Kepler's Third Law:
This law states that the square of the orbital period (T) of a planet is proportional to the cube of the semi-major axis (a) of its orbit. Mathematically:
```
T^2 ∝ a^3
```
This law implies that:
* Greater distance (larger 'a') leads to a longer orbital period (T).
* Shorter distance (smaller 'a') leads to a shorter orbital period (T).
Vis-viva Equation:
This equation relates the orbital speed (v) of a body to its distance (r) from the attracting body and the mass (M) of the attracting body.
```
v^2 = GM(2/r - 1/a)
```
Where:
* G is the gravitational constant.
* M is the mass of the attracting body.
* r is the distance between the orbiting body and the attracting body.
* a is the semi-major axis of the orbit.
From this equation, we can infer:
* Higher mass (M) leads to higher orbital speed (v).
* Greater distance (larger 'r') leads to lower orbital speed (v).

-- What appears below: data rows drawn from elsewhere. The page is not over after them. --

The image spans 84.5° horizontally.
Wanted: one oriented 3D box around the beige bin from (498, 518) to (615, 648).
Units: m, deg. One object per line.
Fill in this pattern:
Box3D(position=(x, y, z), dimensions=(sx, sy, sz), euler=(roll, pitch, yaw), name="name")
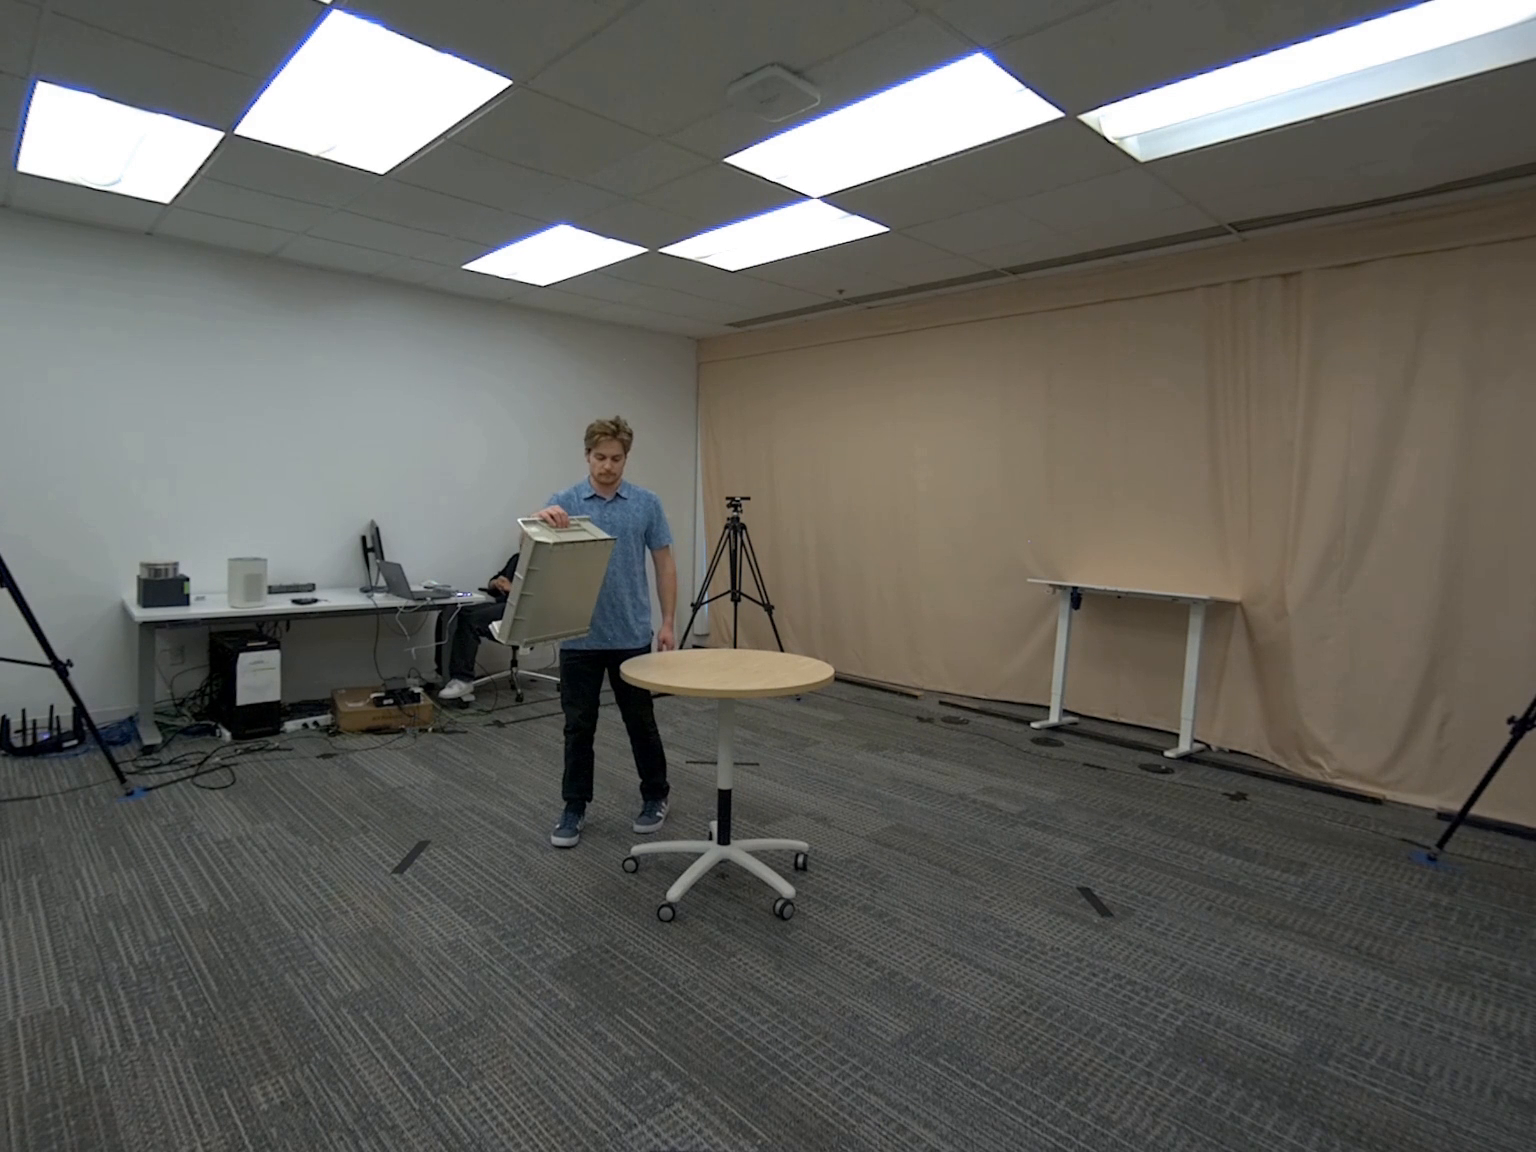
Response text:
Box3D(position=(-0.791, 0.018, 3.016), dimensions=(0.194, 0.419, 0.370), euler=(30, 20, 29), name="beige bin")

* The orbital speed is higher at periapsis (closest point to the attracting body) and lower at apoapsis (farthest point).
In Summary:
* Mass of the attracting body (M): Higher mass results in higher orbital speed.
* Distance between the bodies (r): Greater distance results in lower orbital speed.
It's important to note that Kepler's Third Law and the vis-viva equation describe the orbital motion of a body assuming a perfect circular orbit. In reality, most orbits are elliptical, and the orbital speed varies throughout the orbit.